Шрифт:
Интервал:
Закладка:
Мы вместе с Вами, вместе с партией Ленина-Сталина, стоим на защите города Ленина, мы знаем и учитываем все трудности, которые нас окружают, но силы у нас маловато, мы сильно истощены, поддержите, пожалуйста, нас и наших детей на питательном вопросе. Мы знаем, что вы даете распоряжения и на Вашей доле забота о трудящихся гор. Ленина.
Мы писали тов. Сталину, а также писали тов. Жданову, просили их поддержать нас и наших детей.
Ждем у микрофона Вашего распоряжения о прибавке хлеба и выдаче нам продовольствия.
С товарищеским приветом Трудящиеся женщины Смольнинского района П.Н.О-ва, всего четыре подписи.
12 марта 1942 г.»
«12/Ш 42 г.
Дорогой товарищ
Андрей Александрович!
Только крайне тяжелое состояние вынуждает меня обратиться к Вам, как к чуткому отзывчивому человеку.
Я сама член ВКП (б) с 1905 года, персональная пенсионерка и обращаюсь к Вам как партиец к своему товарищу по партии.
Дело в том, что я заболела воспалением легких и к тому же прибавилось общее тяжелое истощение организма.
Больница им. Свердлова в лице тов. Черняка сделала для меня все что могла в смысле питания, но для человека с таким тяжелым истощением этого недостаточно. Я очень прошу Вашего содействия по этому вопросу, и тогда больница им. Свердлова сможет еще поддержать меня, что даст мне возможность снова стать на работу.
Работала я в течение 24 лет на районных и областных руководящих постах. <…>
Хочу проситься, как только подкреплю свои силы, в один из районов Ленинградской области на восстановительные работы в совхоз или на какую-либо другую работу, куда найдет нужным партия.
Я участница обороны Петрограда и была направлена ЦК ВКП (б) на Киевский фронт на борьбу с эпидемией…
Дорогой Андрей Александрович, я прошу у Вас только возможность поддержать свое здоровье через питание в больнице им. Свердлова. Сама больница дает питание на 10 дней, что мною уже использовано и, повторяю, при моем состоянии оказалось недостаточным.
Неужели человек, полный энергии, должен погибнуть?! Не допускаю мысли об этом и потому обращаюсь к Вам.
Живу я сейчас в жуткой чужой комнате, т. к. моя квартира разбита. Помогите мне, пережив многое, пережить все предстоящее, лишь бы вернуться в общий строй.
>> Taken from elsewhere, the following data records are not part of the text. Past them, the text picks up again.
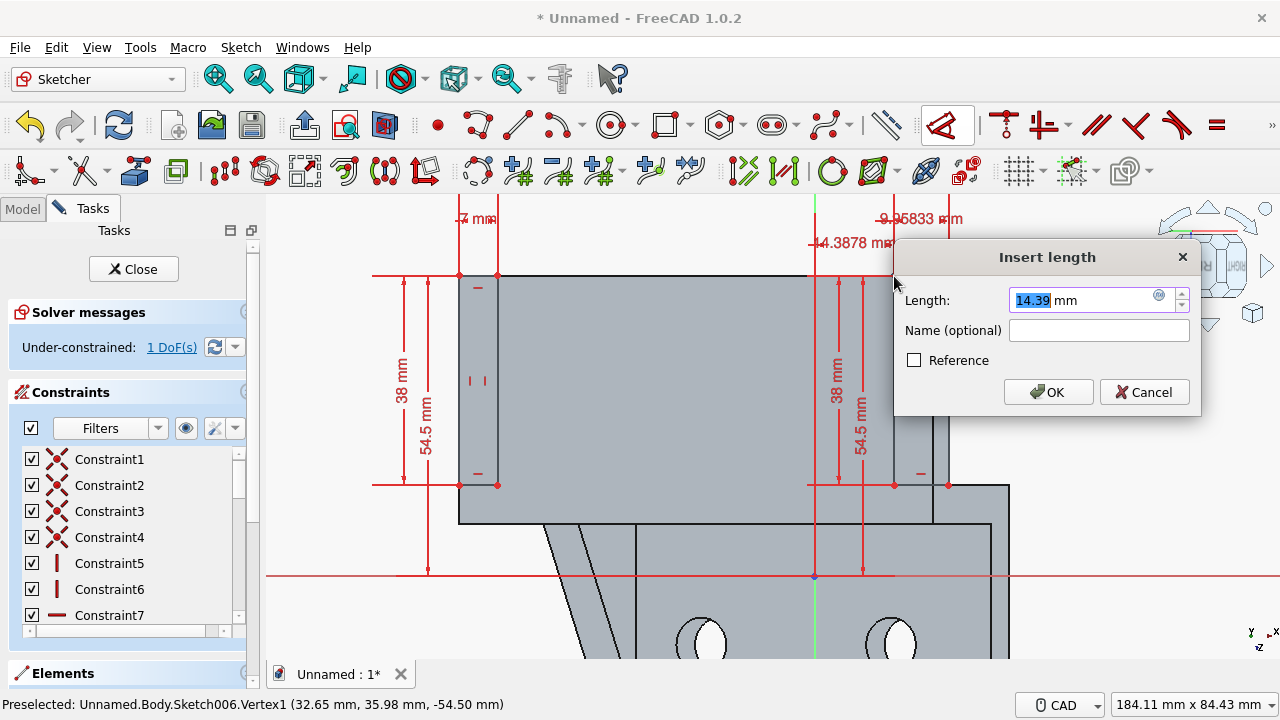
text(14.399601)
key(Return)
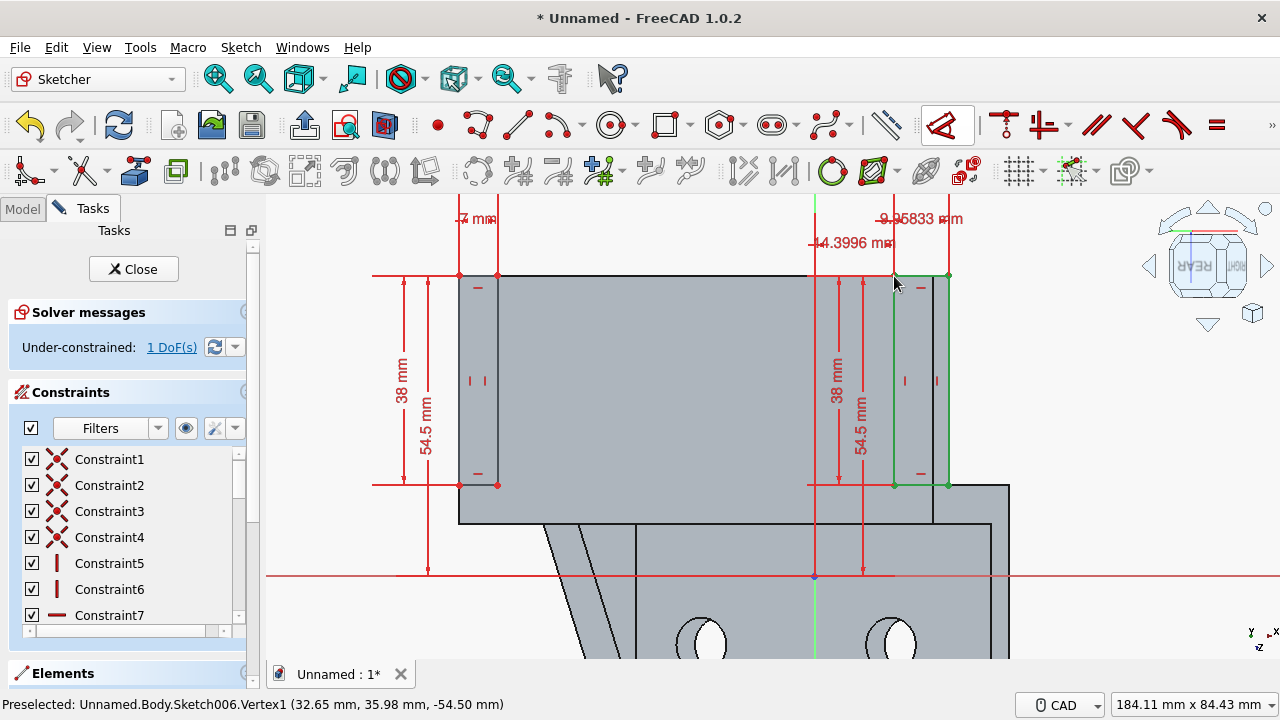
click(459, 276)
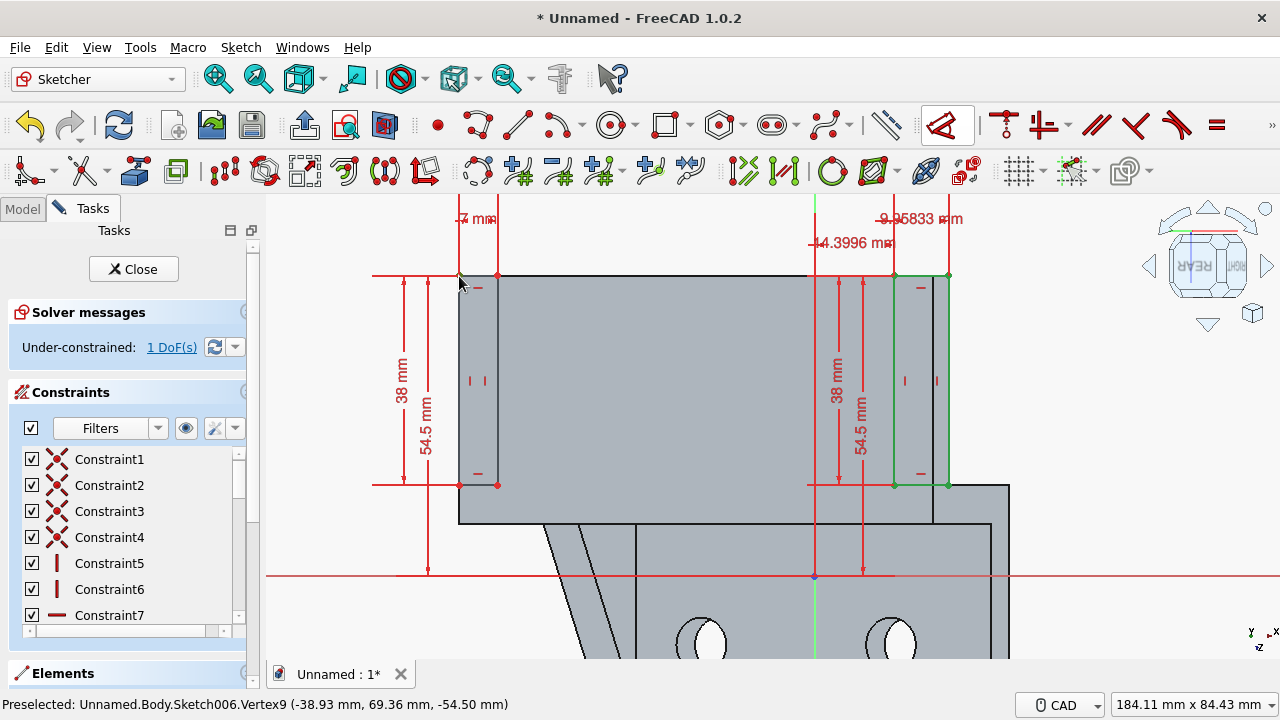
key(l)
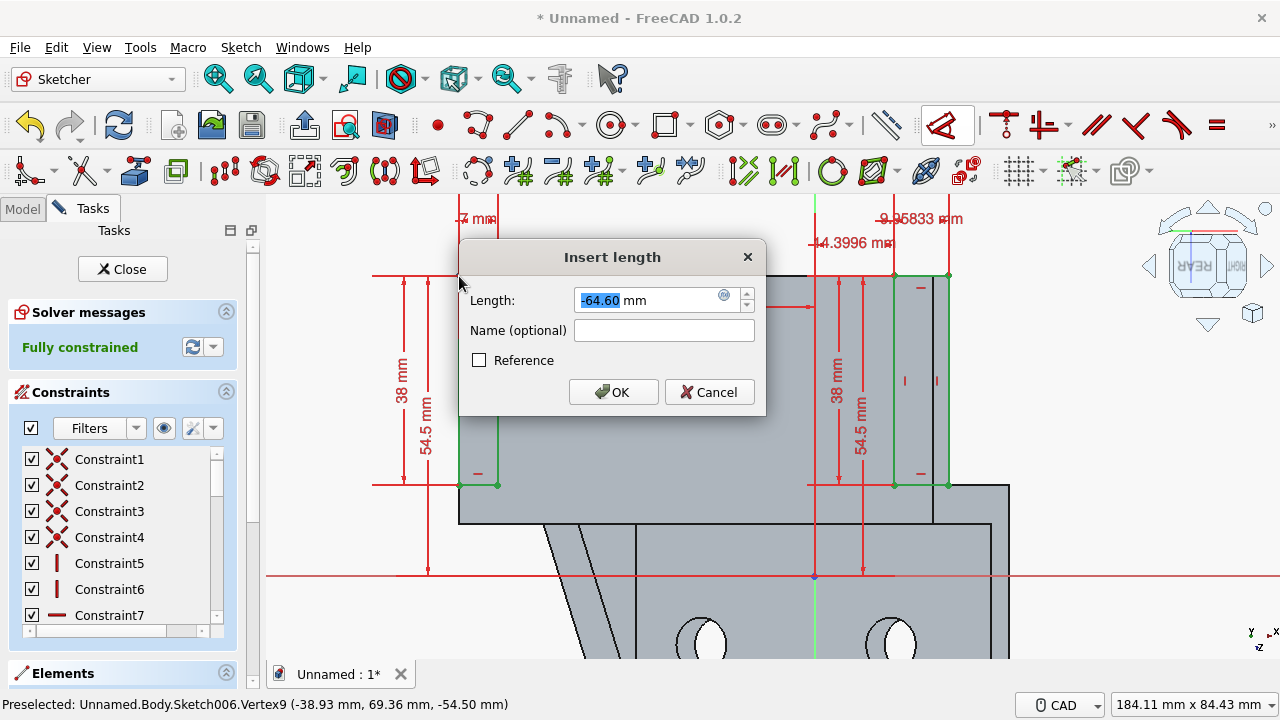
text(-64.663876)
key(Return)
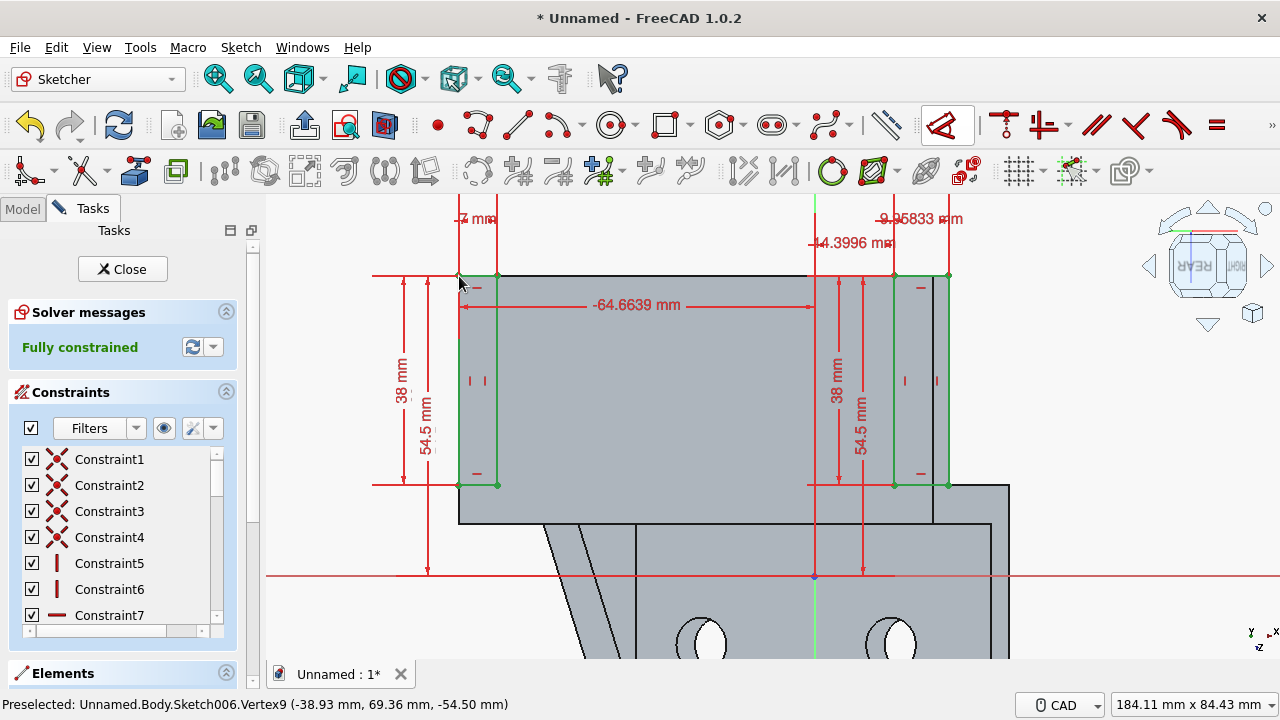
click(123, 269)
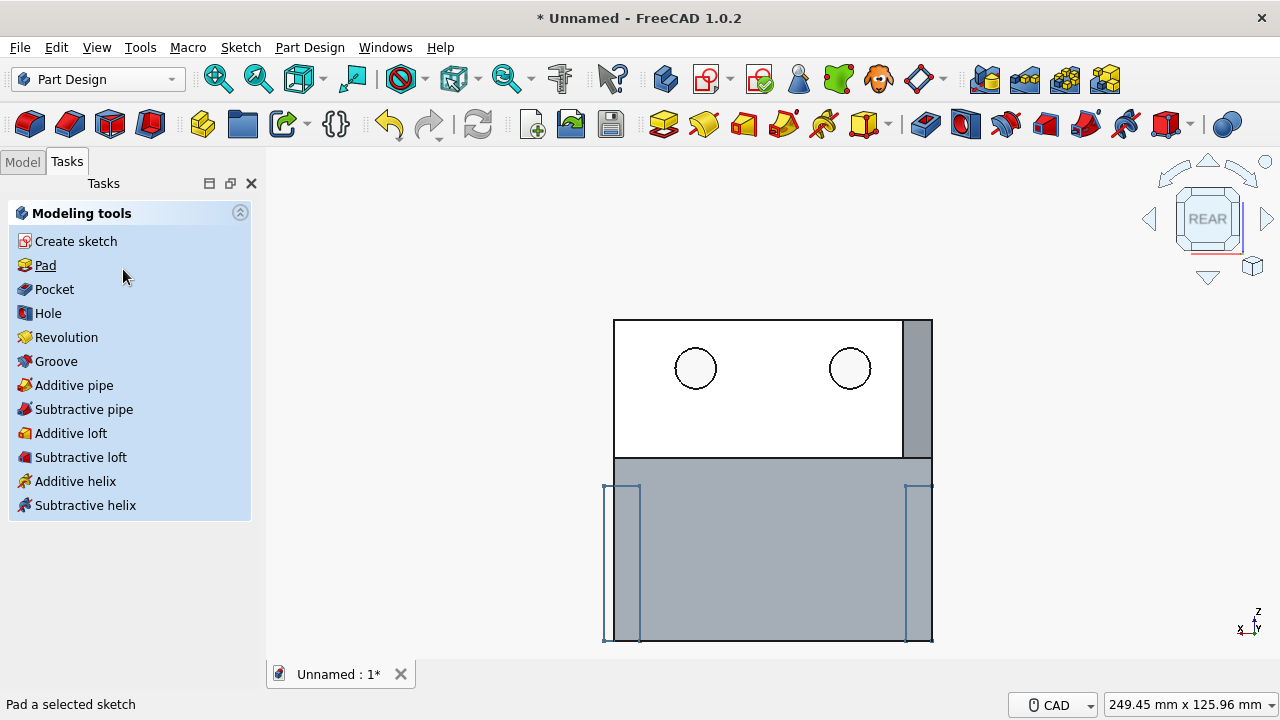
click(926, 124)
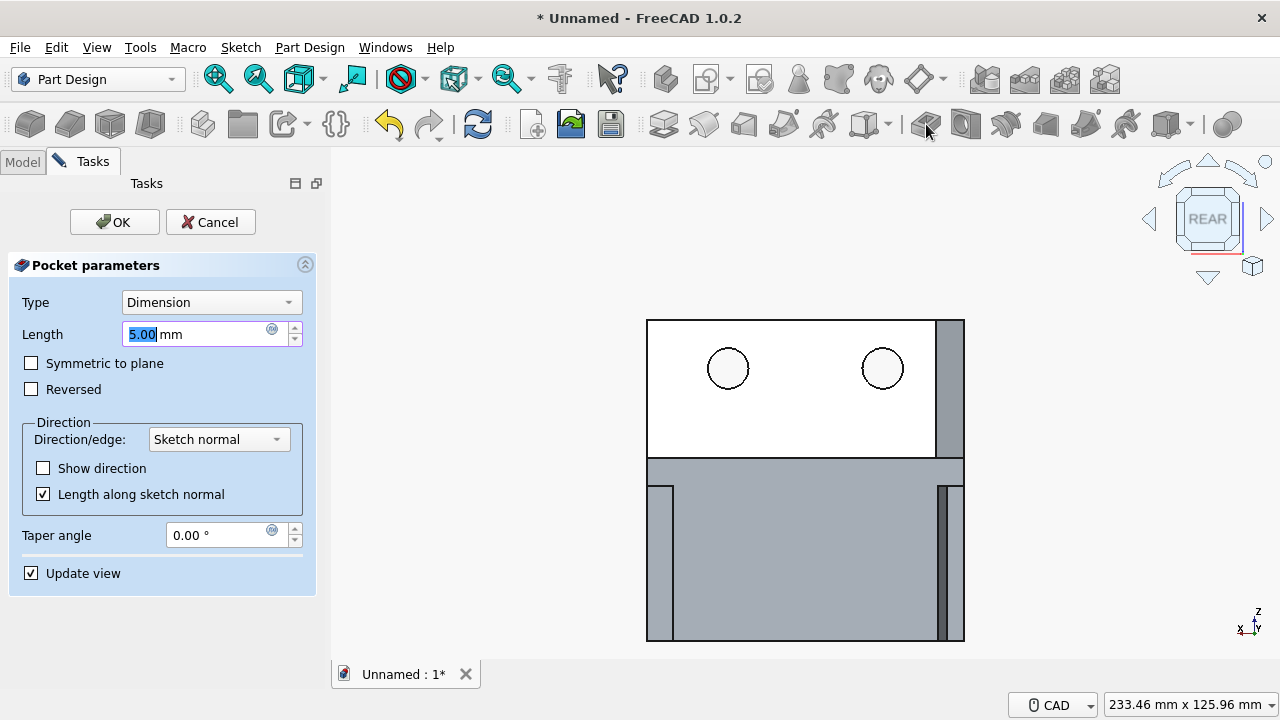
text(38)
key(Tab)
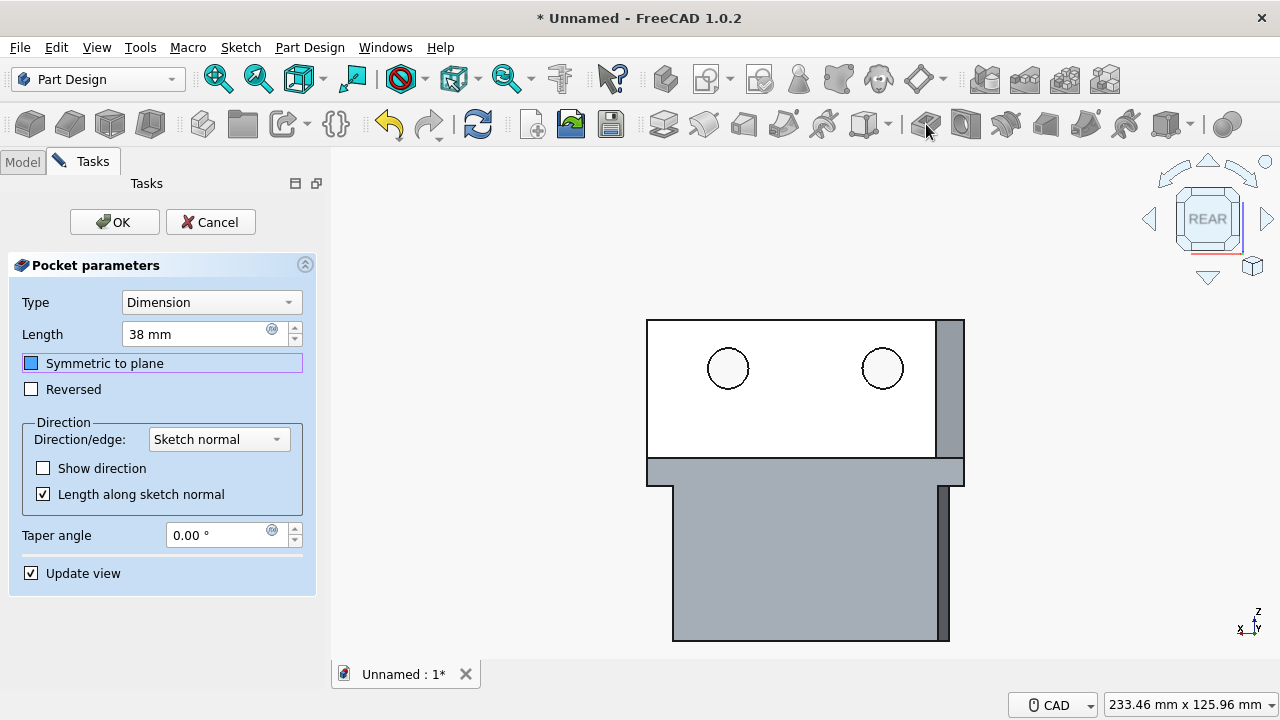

Я понимаю, что не совсем удобно обращаться к Вам, но меня к этому вынуждает положение. За все 37 лет пребывания в рядах партии я никогда не обращалась с личной просьбой, убедительно прошу в этой моей единственной просьбе не отказать…
М. Круглова».
Тернистый путь – Ленинград – Череповец
Из дневника В. К-о[83]
Вот я и вышел из госпиталя, где пробыл три с половиной недели – с 7 февраля и по 2 марта 1942 года. Поставили меня на ноги, подлечили, подкормили, почти залечили раны, образовавшиеся в результате голодных отеков. Теперь все хорошо, но вначале, как говорил мне Бобик[84], всю первую неделю и он, и мои лечащие врачи не были твердо уверены в благополучном исходе.
Хочу дополнить свои записи описанием кошмарной дороги сюда, что решил сделать еще в пути.
Итак, 2 февраля в 12 часов дня я должен выехать поездом с Финляндского вокзала. Накануне я уволился из института, получил эвакуационные документы, дома все прибрал, запер, ключи убрал в книжный шкаф, ключ от которого взял с собой. Ключ от комнаты оставлял Кузнецовым. Кстати, хорошо вышло, что я не отметился в домоуправлении как эвакуированный, иначе ключ должен был бы оставить там. С Кузнецовыми сговорился, что если будут обо мне спрашивать, то я просто переехал в квартиру сына, так как там теплее. Они были рады за меня. Ник. Ив. сам предложил мне отвезти мои вещи до вокзала на детских санках. Я очень благодарил его, и мы назначили выход из дома на 8 часов утра, рассчитывая, что до вокзала я смогу доплестись не менее чем за полтора-два часа.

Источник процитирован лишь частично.